Task to carry out:
Your answer consists of the lines in the data that contain "blocks". Copy each of them.

(Exercise data)

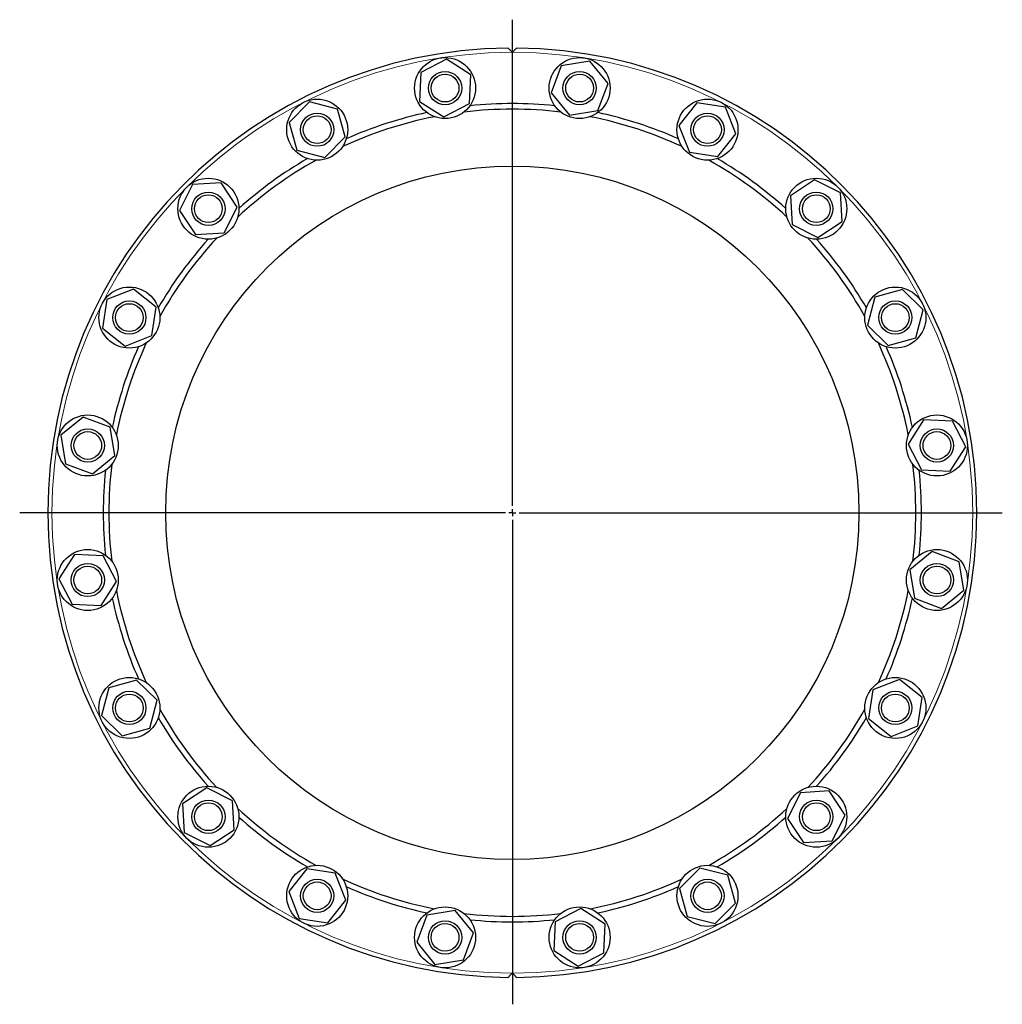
# Model space of a CAD drawing. Header units: millimetres. Extents: x 80 to 1304, y 33 to 1178.
# Tile 2 of 3: x 80 to 788, y 468 to 1178. Entities that reach past the tile are written whole.
import ezdxf

# ---------------------------------------------------------------- set-up
doc = ezdxf.new("R2010")
doc.units = ezdxf.units.MM
doc.layers.add('FORMAT', color=7, linetype='Continuous')

# ---------------------------------------------------------------- blocks, each defined once
blk = doc.blocks.new('SW_CENTERMARKSYMBOL_0')
at = {"layer": 'FORMAT', "color": 0}
for p, q in [((0, 5), (0, 355.5)), ((-5, 0), (-355.3, 0)), ((0, 0), (-2.5, 0)), ((0, 0), (0, 2.5)), ((0, 0), (0, -2.5)), ((0, 0), (2.5, 0)), ((5, 0), (353.36, 0)), ((0, -5), (0, -354.42))]:
    blk.add_line(p, q, dxfattribs=at)

msp = doc.modelspace()

# ---------------------------------------------------------------- linework, layer by layer
at = {"color": 7, "linetype": 'Continuous', "lineweight": 25}
for p, q in [((387.54, 1148.99), (369.08, 1139.43)), ((405.04, 1137.78), (387.54, 1148.99)), ((470.39, 1144.29), (463.06, 1124.84)), ((490.9, 1147.68), (470.39, 1144.29)), ((504.08, 1131.61), (490.9, 1147.68)), ((369.08, 1139.43), (368.13, 1118.67)), ((404.09, 1117.02), (405.04, 1137.78)), ((496.76, 1112.16), (504.08, 1131.61)), ((463.06, 1124.84), (476.25, 1108.77)), ((288.83, 1118.29), (274.23, 1103.5)), ((308.94, 1113.04), (288.83, 1118.29)), ((368.13, 1118.67), (385.63, 1107.46)), ((385.63, 1107.46), (404.09, 1117.02)), ((568.24, 1117.61), (555.27, 1101.37)), ((588.79, 1114.49), (568.24, 1117.61)), ((314.45, 1093), (308.94, 1113.04)), ((476.25, 1108.77), (496.76, 1112.16)), ((596.36, 1095.13), (588.79, 1114.49)), ((274.23, 1103.5), (279.74, 1083.46)), ((555.27, 1101.37), (562.84, 1082.02)), ((583.39, 1078.9), (596.36, 1095.13)), ((299.85, 1078.21), (314.45, 1093)), ((279.74, 1083.46), (299.85, 1078.21)), ((562.84, 1082.02), (583.39, 1078.9)), ((204.44, 1058.6), (195.13, 1040.02)), ((225.19, 1059.82), (204.44, 1058.6)), ((236.62, 1042.47), (225.19, 1059.82)), ((653.06, 1061.99), (635.7, 1050.56)), ((671.64, 1052.68), (653.06, 1061.99)), ((672.86, 1031.93), (671.64, 1052.68)), ((635.7, 1050.56), (636.92, 1029.81)), ((195.13, 1040.02), (206.56, 1022.66)), ((227.31, 1023.89), (236.62, 1042.47)), ((636.92, 1029.81), (655.5, 1020.5)), ((655.5, 1020.5), (672.86, 1031.93)), ((206.56, 1022.66), (227.31, 1023.89)), ((161.98, 983.33), (142.63, 975.75)), ((178.22, 970.35), (161.98, 983.33)), ((716.54, 982.89), (696.5, 977.38)), ((731.33, 968.29), (716.54, 982.89)), ((142.63, 975.75), (139.51, 955.2)), ((696.5, 977.38), (691.25, 957.27)), ((175.1, 949.8), (178.22, 970.35)), ((726.08, 948.18), (731.33, 968.29)), ((139.51, 955.2), (155.75, 942.23)), ((691.25, 957.27), (706.04, 942.67)), ((155.75, 942.23), (175.1, 949.8)), ((706.04, 942.67), (726.08, 948.18)), ((125.51, 891.04), (109.44, 877.86)), ((144.96, 883.72), (125.51, 891.04)), ((731.71, 888.99), (720.5, 871.49)), ((752.47, 888.04), (731.71, 888.99)), ((762.02, 869.58), (752.47, 888.04)), ((148.35, 863.21), (144.96, 883.72)), ((109.44, 877.86), (112.83, 857.35)), ((720.5, 871.49), (730.05, 853.03)), ((750.82, 852.08), (762.02, 869.58)), ((132.28, 850.03), (148.35, 863.21)), ((112.83, 857.35), (132.28, 850.03)), ((730.05, 853.03), (750.82, 852.08)), ((119.34, 792), (108.13, 774.5)), ((140.1, 791.05), (119.34, 792)), ((149.66, 772.59), (140.1, 791.05)), ((737.88, 794.05), (721.81, 780.87)), ((757.33, 786.73), (737.88, 794.05)), ((760.71, 766.22), (757.33, 786.73)), ((108.13, 774.5), (117.69, 756.04)), ((721.81, 780.87), (725.19, 760.36)), ((138.45, 755.09), (149.66, 772.59)), ((725.19, 760.36), (744.65, 753.04)), ((744.65, 753.04), (760.71, 766.22)), ((117.69, 756.04), (138.45, 755.09)), ((144.07, 695.91), (138.82, 675.79)), ((164.12, 701.41), (144.07, 695.91)), ((178.91, 686.81), (164.12, 701.41)), ((714.41, 701.85), (695.05, 694.28)), ((730.65, 688.88), (714.41, 701.85)), ((695.05, 694.28), (691.93, 673.73)), ((727.53, 668.33), (730.65, 688.88)), ((173.66, 666.7), (178.91, 686.81)), ((138.82, 675.79), (153.62, 661.19)), ((691.93, 673.73), (708.17, 660.75)), ((708.17, 660.75), (727.53, 668.33)), ((153.62, 661.19), (173.66, 666.7)), ((214.65, 623.59), (197.29, 612.15)), ((233.23, 614.27), (214.65, 623.59)), ((642.85, 620.2), (633.53, 601.62)), ((663.6, 621.42), (642.85, 620.2)), ((675.03, 604.06), (663.6, 621.42)), ((197.29, 612.15), (198.52, 591.41)), ((234.45, 593.52), (233.23, 614.27)), ((665.71, 585.48), (675.03, 604.06)), ((633.53, 601.62), (644.96, 584.26)), ((198.52, 591.41), (217.1, 582.09)), ((217.1, 582.09), (234.45, 593.52)), ((644.96, 584.26), (665.71, 585.48)), ((286.77, 565.18), (273.79, 548.95)), ((307.32, 562.07), (286.77, 565.18)), ((314.89, 542.71), (307.32, 562.07)), ((570.31, 565.87), (555.7, 551.08)), ((590.42, 560.62), (570.31, 565.87)), ((595.93, 540.58), (590.42, 560.62)), ((273.79, 548.95), (281.37, 529.59)), ((555.7, 551.08), (561.21, 531.04)), ((301.91, 526.47), (314.89, 542.71)), ((581.32, 525.79), (595.93, 540.58)), ((393.91, 535.31), (373.4, 531.93)), ((407.09, 519.24), (393.91, 535.31)), ((484.53, 536.62), (466.07, 527.06)), ((502.03, 525.41), (484.53, 536.62)), ((281.37, 529.59), (301.91, 526.47)), ((373.4, 531.93), (366.08, 512.47)), ((466.07, 527.06), (465.11, 506.3)), ((501.08, 504.65), (502.03, 525.41)), ((561.21, 531.04), (581.32, 525.79)), ((399.77, 499.79), (407.09, 519.24)), ((366.08, 512.47), (379.26, 496.41)), ((465.11, 506.3), (482.62, 495.09)), ((482.62, 495.09), (501.08, 504.65)), ((379.26, 496.41), (399.77, 499.79))]:
    msp.add_line(p, q, dxfattribs=at)
for centre, radius in [((386.58, 1128.22), 22), ((483.57, 1128.22), 22), ((386.58, 1128.22), 12), ((386.58, 1128.22), 10), ((483.57, 1128.22), 12), ((483.57, 1128.22), 10), ((294.34, 1098.25), 22), ((575.81, 1098.25), 22), ((294.34, 1098.25), 12), ((294.34, 1098.25), 10), ((575.81, 1098.25), 12), ((575.81, 1098.25), 10), ((435.08, 822.04), 250), ((215.87, 1041.24), 22), ((654.28, 1041.24), 22), ((215.87, 1041.24), 12), ((215.87, 1041.24), 10), ((654.28, 1041.24), 12), ((654.28, 1041.24), 10), ((158.87, 962.78), 22), ((711.29, 962.78), 22), ((158.87, 962.78), 12), ((158.87, 962.78), 10), ((711.29, 962.78), 12), ((711.29, 962.78), 10), ((128.89, 870.54), 22), ((741.26, 870.54), 22), ((128.89, 870.54), 12), ((128.89, 870.54), 10), ((741.26, 870.54), 12), ((741.26, 870.54), 10), ((128.89, 773.55), 22), ((741.26, 773.55), 22), ((128.89, 773.55), 12), ((128.89, 773.55), 10), ((741.26, 773.55), 12), ((741.26, 773.55), 10), ((158.87, 681.3), 22), ((711.29, 681.3), 22), ((158.87, 681.3), 12), ((158.87, 681.3), 10), ((711.29, 681.3), 12), ((711.29, 681.3), 10), ((215.87, 602.84), 22), ((654.28, 602.84), 22), ((215.87, 602.84), 12), ((215.87, 602.84), 10), ((654.28, 602.84), 12), ((654.28, 602.84), 10), ((294.34, 545.83), 22), ((575.81, 545.83), 22), ((294.34, 545.83), 12), ((294.34, 545.83), 10), ((575.81, 545.83), 12), ((575.81, 545.83), 10), ((386.58, 515.86), 22), ((483.57, 515.86), 22), ((386.58, 515.86), 12), ((386.58, 515.86), 10), ((483.57, 515.86), 12), ((483.57, 515.86), 10)]:
    msp.add_circle(centre, radius, dxfattribs=at)
for radius, start, end in [(335, 90.51083, 269.48917), (335, 270.51083, 89.48917), (295, 84.04952, 95.95048), (291, 101.11579, 114.88421), (295, 102.04952, 113.95048), (291, 83.11579, 96.88421), (291, 65.11579, 78.88421), (295, 66.04952, 77.95048), (291, 119.11579, 132.88421), (295, 120.04952, 131.95048), (291, 47.11579, 60.88421), (295, 48.04952, 59.95048), (295, 138.04952, 149.95048), (291, 137.11579, 150.88421), (291, 29.11579, 42.88421), (295, 30.04952, 41.95048), (291, 155.11579, 168.88421), (291, 11.11579, 24.88421), (295, 156.04952, 167.95048), (295, 12.04952, 23.95048), (295, 174.04952, 180), (291, 173.11579, 180), (291, 353.11579, 6.88421), (295, 354.04952, 5.95048), (295, 180, 185.95048), (291, 180, 186.88421), (295, 192.04952, 203.95048), (291, 191.11579, 204.88421), (291, 335.11579, 348.88421), (295, 336.04952, 347.95048), (291, 209.11579, 222.88421), (291, 317.11579, 330.88421), (295, 210.04952, 221.95048), (295, 318.04952, 329.95048), (291, 227.11579, 240.88421), (291, 299.11579, 312.88421), (295, 228.04952, 239.95048), (295, 300.04952, 311.95048), (291, 245.11579, 258.88421), (291, 281.11579, 294.88421), (295, 246.04952, 257.95048), (295, 282.04952, 293.95048), (291, 263.11579, 276.88421), (295, 264.04952, 275.95048)]:
    msp.add_arc((435.08, 822.04), radius, start, end, dxfattribs=at)
at = {"color": 8, "linetype": 'Continuous', "lineweight": 18}
for start, end in [(90, 270), (270, 90)]:
    msp.add_arc((435.08, 822.04), 332, start, end, dxfattribs=at)
at = {"color": 7, "linetype": 'Continuous', "lineweight": 25}
for points, knots in [([(432.09, 1157.03), (432.09, 1157.03), (432.12, 1157), (432.23, 1156.89), (432.31, 1156.81), (432.5, 1156.62), (432.62, 1156.5), (432.87, 1156.25), (433, 1156.12), (433.44, 1155.68), (433.75, 1155.37), (434.41, 1154.71), (434.74, 1154.38), (435.08, 1154.04)], [0, 0, 0, 0, 0.125, 0.125, 0.25, 0.25, 0.375, 0.375, 0.5, 0.5, 0.75, 0.75, 1, 1, 1, 1]), ([(435.08, 1154.04), (435.42, 1154.38), (435.75, 1154.71), (436.23, 1155.2), (436.4, 1155.36), (436.71, 1155.67), (436.86, 1155.82), (437.15, 1156.11), (437.29, 1156.25), (437.54, 1156.5), (437.65, 1156.62), (437.85, 1156.81), (437.93, 1156.89), (438.01, 1156.97), (438.03, 1156.99), (438.06, 1157.02), (438.06, 1157.03), (438.06, 1157.03)], [0, 0, 0, 0, 0.25, 0.25, 0.375, 0.375, 0.5, 0.5, 0.625, 0.625, 0.75, 0.75, 0.875, 0.875, 0.9375, 0.9375, 1, 1, 1, 1]), ([(432.09, 487.05), (432.09, 487.05), (432.12, 487.08), (432.23, 487.19), (432.31, 487.27), (432.5, 487.46), (432.62, 487.58), (432.87, 487.83), (433, 487.97), (433.44, 488.4), (433.75, 488.71), (434.41, 489.37), (434.74, 489.7), (435.08, 490.04)], [0, 0, 0, 0, 0.125, 0.125, 0.25, 0.25, 0.375, 0.375, 0.5, 0.5, 0.75, 0.75, 1, 1, 1, 1]), ([(435.08, 490.04), (435.42, 489.7), (435.75, 489.37), (436.23, 488.88), (436.4, 488.72), (436.71, 488.41), (436.86, 488.26), (437.15, 487.97), (437.29, 487.83), (437.54, 487.58), (437.65, 487.47), (437.85, 487.27), (437.93, 487.19), (438.01, 487.11), (438.03, 487.09), (438.06, 487.06), (438.06, 487.05), (438.06, 487.05)], [0, 0, 0, 0, 0.25, 0.25, 0.375, 0.375, 0.5, 0.5, 0.625, 0.625, 0.75, 0.75, 0.875, 0.875, 0.9375, 0.9375, 1, 1, 1, 1])]:
    msp.add_open_spline(points, degree=3, knots=knots, dxfattribs=at)

# ---------------------------------------------------------------- block references
at = {"layer": 'FORMAT'}
msp.add_blockref('SW_CENTERMARKSYMBOL_0', (435.08, 822.04), dxfattribs=at)

doc.saveas('drawing.dxf')

(End Exercise data)

Expected output:
# ---------------------------------------------------------------- blocks, each defined once
blk = doc.blocks.new('SW_CENTERMARKSYMBOL_0')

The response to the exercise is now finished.